Cecil + Rosa = Ceodore?!
It’s still weird to me seeing direct sequels to Final Fantasy games. These titles tend to end on such a final closing note that it’s difficult to grasp any continuation after the ending credits. Could you imagine Final Fantasy VI, with its world without magic? I certainly couldn’t. So how would a sequel for one of the most beloved Super Nintendo RPGs, Final Fantasy IV (that’s the old Final Fantasy II in the U.S), fare?
[image1]Well, let’s first focus on what we do know in the prologue for Final Fantasy IV After Years: Cecil and Rosa manage to save the world, and Cecil is king with Rosa as his queen. Their kid, Ceodore (*cough*) is a teenage prince in search of entry into the kingdom’s famed Red Wings army, for which he must take a courage test. To be honest, After Years lacks the wind-up kick that we’re all used to – it’s just Ceodore going into caves and ultimately fighting a boss all by himself, without much risk of dying. In past games, we had much more exciting scenarios, but for this sequel, don’t expect to invade the Mako reactor right off the bat.
After the intro lowers your expectations, be prepared to continue to keep them low, as the dark and gloomy atmosphere continues to pervade the air no matter whether you’re exploring mountains, small towns, or wet dungeons. "Explore" might be a flexible word in this case, since just like old school JRPGs, you’ll be harassed every few steps or so by random encounters.
Fighting in After Years is practically the same affair of menu choices you’ve likely become accustomed to by now. So much of this sequel is focused on emulating the old style of RPGs that even the graphics and sounds take a trip back to fifteen years ago with motionless enemy sprites, super-deformed characters, and MIDI-like music.
However, there are a few gameplay features not found in past games. Battles are dependent on the phases of the moon that change as you rest or progress through the day, with certain abilities becoming stronger or weaker depending on the moon phase. As you collect more characters in your main party, special moves can be performed as well, providing an alternate tactical option in harder fights. The more you play, the more you’ll notice that most of the fights are a race to see who hits the other guy faster and harder, rather than tactics alone. That’s not to say After Years isn’t a good RPG – for the first three or so hours of game time, long-time gamers will begin to feel young at heart as they play the same style of game they did after getting back from school and spending a few hours on the Super Nintendo before dinner.

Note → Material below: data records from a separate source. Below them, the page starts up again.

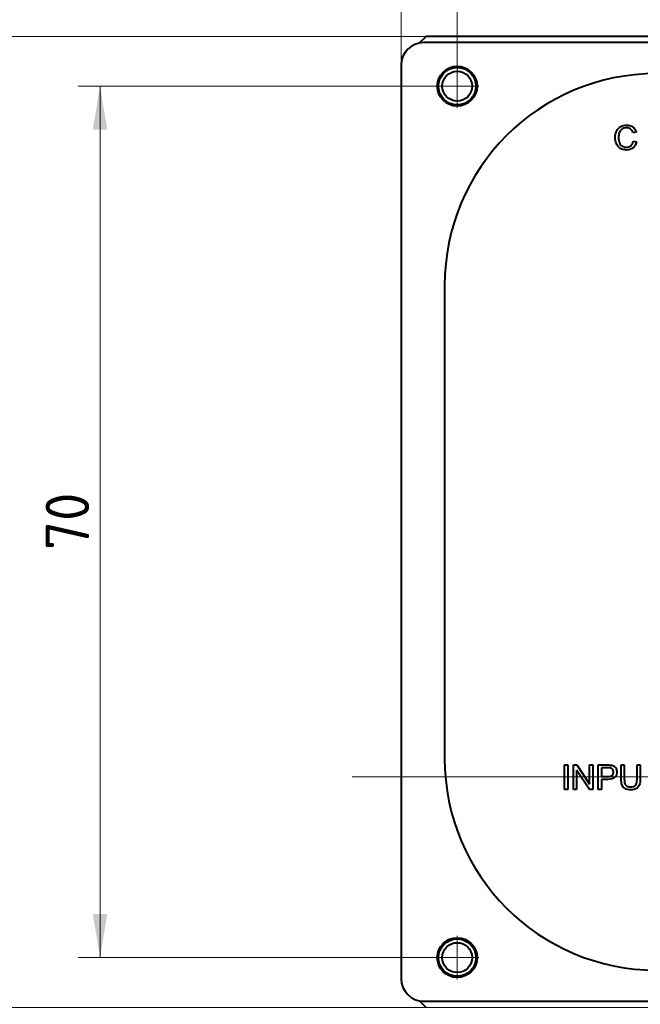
# Model space of a CAD drawing. Header units: millimetres. Extents: x 1 to 420, y -2 to 296.
# Tile 18 of 33: x 76 to 126, y 162 to 241. Entities that reach past the tile are written whole.
import ezdxf
from ezdxf.enums import TextEntityAlignment as Align
from ezdxf.lldxf.tags import DXFTag

# ---------------------------------------------------------------- set-up
doc = ezdxf.new("R2010")
doc.units = ezdxf.units.MM
for name, color, linetype in [('Default', 7, 'Continuous'), ('DV1_Predefinito', 7, 'Continuous'), ('GU000075.00.00', 7, 'Continuous'), ('ME001036.00.04', 7, 'Continuous'), ('ME001037.00.00', 7, 'Continuous'), ('VI000092', 7, 'Continuous')]:
    doc.layers.add(name, color=color, linetype=linetype)
doc.styles.add('SEACAD_Solid_Edge_ISO', font='txt')
doc.styles.add('SEACAD_Solid_Edge_ISOI', font='seisoi.ttf')
tags = doc.linetypes.add('CENTER2', pattern=[28.575, 19.05, -3.175, 3.175, -3.175]).pattern_tags.tags
tags[10:11] = [DXFTag(74, 4), DXFTag(75, 0), DXFTag(340, '0'), DXFTag(46, 0.0), DXFTag(50, 0.0), DXFTag(44, 0.0), DXFTag(45, 0.0)]
tags[8:9] = [DXFTag(74, 4), DXFTag(75, 0), DXFTag(340, '0'), DXFTag(46, 0.0), DXFTag(50, 0.0), DXFTag(44, 0.0), DXFTag(45, 0.0)]
tags[6:7] = [DXFTag(74, 4), DXFTag(75, 0), DXFTag(340, '0'), DXFTag(46, 0.0), DXFTag(50, 0.0), DXFTag(44, 0.0), DXFTag(45, 0.0)]
tags[4:5] = [DXFTag(74, 4), DXFTag(75, 0), DXFTag(340, '0'), DXFTag(46, 0.0), DXFTag(50, 0.0), DXFTag(44, 0.0), DXFTag(45, 0.0)]
doc.dimstyles.new('ISO', dxfattribs={"dimtxt": 3.5, "dimasz": 3.5, "dimexe": 1.75, "dimexo": 0, "dimgap": 0.875, "dimtad": 1, "dimtxsty": 'SEACAD_Solid_Edge_ISO', "dimblk1": '_SE_FILLED', "dimblk2": '_SE_FILLED', "dimsah": 1, "dimcen": 1.75, "dimadec": 1, "dimazin": 0, "dimtfac": 0.5, "dimtdec": 3, "dimtmove": 0, "dimatfit": 3, "dimfxl": 1, "dimarcsym": 0})

# ---------------------------------------------------------------- blocks, each defined once
blk = doc.blocks.new('SE')
at = {"layer": 'DV1_Predefinito', "color": 7, "linetype": 'CENTER2', "lineweight": 18}
for p, q in [((110.975, 237.902), (110.975, 234.402)), ((112.725, 236.152), (109.225, 236.152)), ((110.975, 167.902), (110.975, 164.402)), ((112.725, 166.152), (109.225, 166.152))]:
    blk.add_line(p, q, dxfattribs=at)
at = {"layer": 'DV1_Predefinito', "color": 7, "linetype": 'CENTER2', "lineweight": 9}
blk.add_line((102.546, 180.663), (239.286, 180.663), dxfattribs=at)
at = {"layer": 'GU000075.00.00', "color": 7, "linetype": 'Continuous', "lineweight": 40}
for p, q in [((231.675, 239.652), (108.275, 239.652)), ((106.475, 237.852), (106.475, 164.452)), ((109.966, 220.152), (109.966, 182.152)), ((108.275, 162.652), (231.675, 162.652))]:
    blk.add_line(p, q, dxfattribs=at)
for centre in [(110.975, 236.152), (110.975, 166.152)]:
    blk.add_circle(centre, 1.6, dxfattribs=at)
for centre, radius, start, end in [((108.275, 237.852), 1.8, 90, 180), ((126.975, 220.152), 17.009, 90, 180), ((126.975, 182.152), 17.009, 180, 270), ((108.275, 164.452), 1.8, 180, 270)]:
    blk.add_arc(centre, radius, start, end, dxfattribs=at)
at = {"layer": 'ME001036.00.04', "color": 7, "linetype": 'Continuous', "lineweight": 40}
for p, q in [((108.475, 240.152), (107.944, 239.621)), ((231.475, 240.152), (108.475, 240.152)), ((108.475, 162.152), (107.944, 162.683))]:
    blk.add_line(p, q, dxfattribs=at)
at = {"layer": 'ME001037.00.00', "color": 7, "linetype": 'Continuous', "lineweight": 40}
for p, q in [((125.352, 232.459), (125.1, 232.4)), ((125.129, 231.732), (125.383, 231.668)), ((119.597, 181.632), (119.856, 181.632)), ((119.597, 179.665), (119.597, 181.632)), ((119.856, 181.632), (119.856, 179.665)), ((120.313, 179.665), (120.313, 181.632)), ((120.313, 181.632), (120.581, 181.632)), ((121.603, 179.665), (120.562, 181.212)), ((120.562, 181.212), (120.562, 179.665)), ((120.581, 181.632), (121.62, 180.086)), ((121.62, 180.086), (121.62, 181.632)), ((121.62, 181.632), (121.871, 181.632)), ((121.871, 181.632), (121.871, 179.665)), ((122.304, 179.665), (122.304, 181.632)), ((122.563, 181.402), (122.563, 180.695)), ((124.148, 181.632), (124.406, 181.632)), ((125.432, 181.632), (125.691, 181.632)), ((122.563, 180.464), (122.563, 179.665)), ((119.856, 179.665), (119.597, 179.665)), ((120.562, 179.665), (120.313, 179.665)), ((121.871, 179.665), (121.603, 179.665)), ((122.563, 179.665), (122.304, 179.665))]:
    blk.add_line(p, q, dxfattribs=at)
for points, knots in [([(125.383, 231.668), (125.33, 231.458), (125.233, 231.298), (124.955, 231.077), (124.784, 231.023), (124.374, 231.023), (124.205, 231.064), (124.074, 231.149), (123.944, 231.233), (123.845, 231.358), (123.777, 231.519), (123.709, 231.678), (123.675, 231.852), (123.675, 232.237), (123.713, 232.414), (123.791, 232.563), (123.868, 232.712), (123.976, 232.827), (124.118, 232.904), (124.261, 232.982), (124.417, 233.022), (124.781, 233.022), (124.943, 232.971), (125.075, 232.873), (125.207, 232.775), (125.299, 232.636), (125.352, 232.459)], [0, 0, 0, 0, 0.104376, 0.104376, 0.208752, 0.208752, 0.317142, 0.317142, 0.317142, 0.409738, 0.409738, 0.409738, 0.508627, 0.508627, 0.616505, 0.616505, 0.616505, 0.708763, 0.708763, 0.708763, 0.799096, 0.799096, 0.902432, 0.902432, 0.902432, 1, 1, 1, 1]), ([(125.1, 232.4), (125.057, 232.54), (124.991, 232.643), (124.906, 232.707), (124.82, 232.772), (124.713, 232.804), (124.435, 232.804), (124.31, 232.768), (124.209, 232.697), (124.109, 232.626), (124.039, 232.53), (123.999, 232.408), (123.96, 232.288), (123.938, 232.165), (123.938, 231.873), (123.962, 231.73), (124.01, 231.606), (124.057, 231.484), (124.132, 231.392), (124.234, 231.332), (124.335, 231.272), (124.445, 231.24), (124.705, 231.24), (124.827, 231.282), (125.026, 231.447), (125.093, 231.57), (125.129, 231.732)], [0, 0, 0, 0, 0.096945, 0.096945, 0.096945, 0.187413, 0.187413, 0.290421, 0.290421, 0.290421, 0.385578, 0.385578, 0.385578, 0.479008, 0.479008, 0.599806, 0.599806, 0.599806, 0.694434, 0.694434, 0.694434, 0.783273, 0.783273, 0.891636, 0.891636, 1, 1, 1, 1]), ([(122.304, 181.632), (122.552, 181.632), (122.799, 181.632), (123.047, 181.632), (123.176, 181.632), (123.277, 181.626), (123.345, 181.614), (123.442, 181.597), (123.524, 181.567), (123.589, 181.521), (123.653, 181.476), (123.707, 181.414), (123.746, 181.331), (123.785, 181.25), (123.806, 181.161), (123.806, 180.895), (123.753, 180.754), (123.647, 180.638), (123.539, 180.522), (123.347, 180.464), (123.068, 180.464), (122.9, 180.464), (122.732, 180.464), (122.563, 180.464)], [0, 0, 0, 0, 0.217018, 0.217018, 0.217018, 0.304542, 0.304542, 0.304542, 0.381362, 0.381362, 0.381362, 0.454221, 0.454221, 0.454221, 0.534351, 0.534351, 0.671108, 0.671108, 0.671108, 0.85264, 0.85264, 0.85264, 1, 1, 1, 1]), ([(122.563, 180.695), (122.733, 180.695), (122.903, 180.695), (123.073, 180.695), (123.241, 180.695), (123.361, 180.726), (123.503, 180.852), (123.538, 180.941), (123.538, 181.137), (123.517, 181.208), (123.475, 181.267), (123.434, 181.325), (123.379, 181.365), (123.311, 181.385), (123.267, 181.397), (123.186, 181.402), (123.068, 181.402), (122.9, 181.402), (122.732, 181.402), (122.563, 181.402)], [0, 0, 0, 0, 0.215571, 0.215571, 0.215571, 0.355228, 0.355228, 0.494885, 0.494885, 0.596015, 0.596015, 0.596015, 0.683077, 0.683077, 0.683077, 0.786601, 0.786601, 0.786601, 1, 1, 1, 1]), ([(125.691, 181.632), (125.691, 181.254), (125.691, 180.875), (125.691, 180.497), (125.691, 180.298), (125.669, 180.141), (125.624, 180.025), (125.579, 179.909), (125.499, 179.814), (125.266, 179.668), (125.114, 179.632), (124.74, 179.632), (124.59, 179.664), (124.473, 179.727), (124.356, 179.79), (124.273, 179.883), (124.223, 180.003), (124.174, 180.122), (124.148, 180.287), (124.148, 180.497), (124.148, 180.875), (124.148, 181.254), (124.148, 181.632)], [0, 0, 0, 0, 0.229161, 0.229161, 0.229161, 0.325775, 0.325775, 0.325775, 0.415775, 0.415775, 0.505774, 0.505774, 0.59267, 0.59267, 0.59267, 0.669455, 0.669455, 0.669455, 0.770846, 0.770846, 0.770846, 1, 1, 1, 1]), ([(124.406, 181.632), (124.406, 181.254), (124.406, 180.876), (124.406, 180.498), (124.406, 180.327), (124.422, 180.201), (124.455, 180.12), (124.487, 180.04), (124.54, 179.977), (124.617, 179.934), (124.696, 179.89), (124.79, 179.868), (125.093, 179.868), (125.229, 179.911), (125.31, 179.998), (125.392, 180.085), (125.432, 180.251), (125.432, 180.498), (125.432, 180.876), (125.432, 181.254), (125.432, 181.632)], [0, 0, 0, 0, 0.272307, 0.272307, 0.272307, 0.36441, 0.36441, 0.36441, 0.424892, 0.424892, 0.424892, 0.489869, 0.489869, 0.601475, 0.601475, 0.601475, 0.727723, 0.727723, 0.727723, 1, 1, 1, 1])]:
    blk.add_open_spline(points, degree=3, knots=knots, dxfattribs=at)
at = {"layer": 'VI000092', "color": 7, "linetype": 'Continuous', "lineweight": 40}
for centre, radius in [((110.975, 236.152), 1.5), ((110.975, 236.152), 1.2), ((110.975, 166.152), 1.5), ((110.975, 166.152), 1.2)]:
    blk.add_circle(centre, radius, dxfattribs=at)
at = {"layer": 'VI000092', "color": 7, "linetype": 'Continuous', "lineweight": 20}
for centre in [(110.975, 236.152), (110.975, 166.152)]:
    blk.add_arc(centre, 1.194, 255, 195, dxfattribs=at)
blk = doc.blocks.new('DMBLK19')
at = {"layer": 'Default', "linetype": 'Continuous', "lineweight": 18}
for points in [[(114.475, 264.139), (110.975, 263.556), (114.475, 262.973)], [(225.475, 264.139), (225.475, 262.973), (228.975, 263.556)]]:
    blk.add_hatch(color=7, dxfattribs=at).paths.add_polyline_path(points)
at = {"layer": 'Default', "color": 7, "linetype": 'Continuous', "lineweight": 18}
for p, q in [((110.975, 236.152), (110.975, 265.306)), ((228.975, 236.152), (228.975, 265.306)), ((228.975, 263.556), (110.975, 263.556))]:
    blk.add_line(p, q, dxfattribs=at)
at = {"layer": 'Default', "color": 7, "linetype": 'Continuous', "lineweight": 18, "style": 'SEACAD_Solid_Edge_ISOI'}
blk.add_text('118', height=3.5, dxfattribs=at).set_placement((167.43, 267.931), align=Align.TOP_LEFT)
blk = doc.blocks.new('_SE_FILLED')
at = {"color": 0}
blk.add_line((0, 0), (-1, 0), dxfattribs=at)
blk.add_solid([(0, 0), (-1, -0.1665), (-1, 0.1665), (0, 0)], dxfattribs=at)
blk = doc.blocks.new('DMBLK20')
at = {"layer": 'Default', "linetype": 'Continuous', "lineweight": 18}
for points in [[(67.689, 236.652), (68.855, 236.652), (68.272, 240.152)], [(67.689, 165.652), (68.272, 162.152), (68.855, 165.652)]]:
    blk.add_hatch(color=7, dxfattribs=at).paths.add_polyline_path(points)
at = {"layer": 'Default', "color": 7, "linetype": 'Continuous', "lineweight": 18}
for p, q in [((231.475, 240.152), (66.522, 240.152)), ((68.272, 240.152), (68.272, 162.152)), ((231.475, 162.152), (66.522, 162.152))]:
    blk.add_line(p, q, dxfattribs=at)
at = {"layer": 'Default', "color": 7, "linetype": 'Continuous', "lineweight": 18, "style": 'SEACAD_Solid_Edge_ISOI'}
blk.add_text('78', height=3.5, rotation=90, dxfattribs=at).set_placement((63.897, 198.925), align=Align.TOP_LEFT)
blk = doc.blocks.new('DMBLK23')
at = {"layer": 'Default', "linetype": 'Continuous', "lineweight": 18}
for points in [[(109.975, 278.139), (106.475, 277.556), (109.975, 276.973)], [(229.975, 278.139), (229.975, 276.973), (233.475, 277.556)]]:
    blk.add_hatch(color=7, dxfattribs=at).paths.add_polyline_path(points)
at = {"layer": 'Default', "color": 7, "linetype": 'Continuous', "lineweight": 18}
for p, q in [((106.475, 237.852), (106.475, 279.306)), ((233.475, 237.852), (233.475, 279.306)), ((106.475, 277.556), (233.475, 277.556))]:
    blk.add_line(p, q, dxfattribs=at)
at = {"layer": 'Default', "color": 7, "linetype": 'Continuous', "lineweight": 18, "style": 'SEACAD_Solid_Edge_ISOI'}
blk.add_text('126', height=3.5, dxfattribs=at).set_placement((165.886, 281.931), align=Align.TOP_LEFT)
blk = doc.blocks.new('DMBLK24')
at = {"layer": 'Default', "linetype": 'Continuous', "lineweight": 18}
for points in [[(81.689, 232.652), (82.855, 232.652), (82.272, 236.152)], [(81.689, 169.652), (82.272, 166.152), (82.855, 169.652)]]:
    blk.add_hatch(color=7, dxfattribs=at).paths.add_polyline_path(points)
at = {"layer": 'Default', "color": 7, "linetype": 'Continuous', "lineweight": 18}
for p, q in [((110.975, 236.152), (80.522, 236.152)), ((82.272, 236.152), (82.272, 166.152)), ((110.975, 166.152), (80.522, 166.152))]:
    blk.add_line(p, q, dxfattribs=at)
at = {"layer": 'Default', "color": 7, "linetype": 'Continuous', "lineweight": 18, "style": 'SEACAD_Solid_Edge_ISOI'}
blk.add_text('70', height=3.5, rotation=90, dxfattribs=at).set_placement((77.897, 198.885), align=Align.TOP_LEFT)

msp = doc.modelspace()

# ---------------------------------------------------------------- block references
at = {"layer": 'Default'}
msp.add_blockref('SE', (0, 0), dxfattribs=at)

# ---------------------------------------------------------------- dimensions: what is measured, and where the dimension line sits
at = {"layer": 'Default', "color": 7, "linetype": 'Continuous', "lineweight": 18}
for base, p1, p2, angle, text, picture, middle in [((106.475, 277.556), (106.475, 237.852), (233.475, 237.852), 0, '\\A1;126 {}', 'DMBLK23', (169.975, 277.556)), ((68.272, 240.152), (231.475, 240.152), (231.475, 162.152), 270, '\\A1;<>', 'DMBLK20', (68.272, 201.152)), ((82.272, 236.152), (110.975, 236.152), (110.975, 166.152), 270, '\\A1;<>', 'DMBLK24', (82.272, 201.152))]:
    dim = msp.add_linear_dim(base=base, p1=p1, p2=p2, angle=angle, text=text, dimstyle='ISO', dxfattribs=at)
    dim.commit()
    dim.dimension.update_dxf_attribs({"geometry": picture, "text_midpoint": middle, "dimtype": 161})
dim = msp.add_linear_dim(base=(110.975, 263.556), p1=(228.975, 236.152), p2=(110.975, 236.152), text='\\A1;<>', dimstyle='ISO', dxfattribs=at)
dim.commit()
dim.dimension.update_dxf_attribs({"geometry": 'DMBLK19', "text_midpoint": (169.975, 263.556), "dimtype": 160})

doc.saveas('drawing.dxf')

[image2]On the other hand, some decisions that the developers made might change your mind. The main download you’ll make on the Wii’s Wiiware Shop Channel will cost you 800 Wii Pts, but that won’t get you the full story. While this download does provide you with an episode that can be played to completion, in order to get the other parts, which present alternative views on the events in the story from other characters, you’ll have to invest in additional download packs for a variety of prices.
After seeing all the care given by Square-Enix to the Final Fantasy IV DS remake, it’s a wonder why they’d revert back to their old character sprites and music catalog in order to provide fans with this sequel, especially to those who had their first experience with the DS version. Why wouldn’t they make use of those assets, rather than redrawing and redesigning them to make them more primitive for the Wii version?
Final Fantasy IV: The After Years is an unnecessary game through and through, as it continues a story that was already well-thought out and closed off years ago. If you are still somehow curious about how Cecil kept his wonderful, golden hair after seventeen years, there’s nobody stopping you, but be warned – and listen well, Square Enix, if you’re reading this – a little deformed fifteen-year old sprite can only be groomed so much.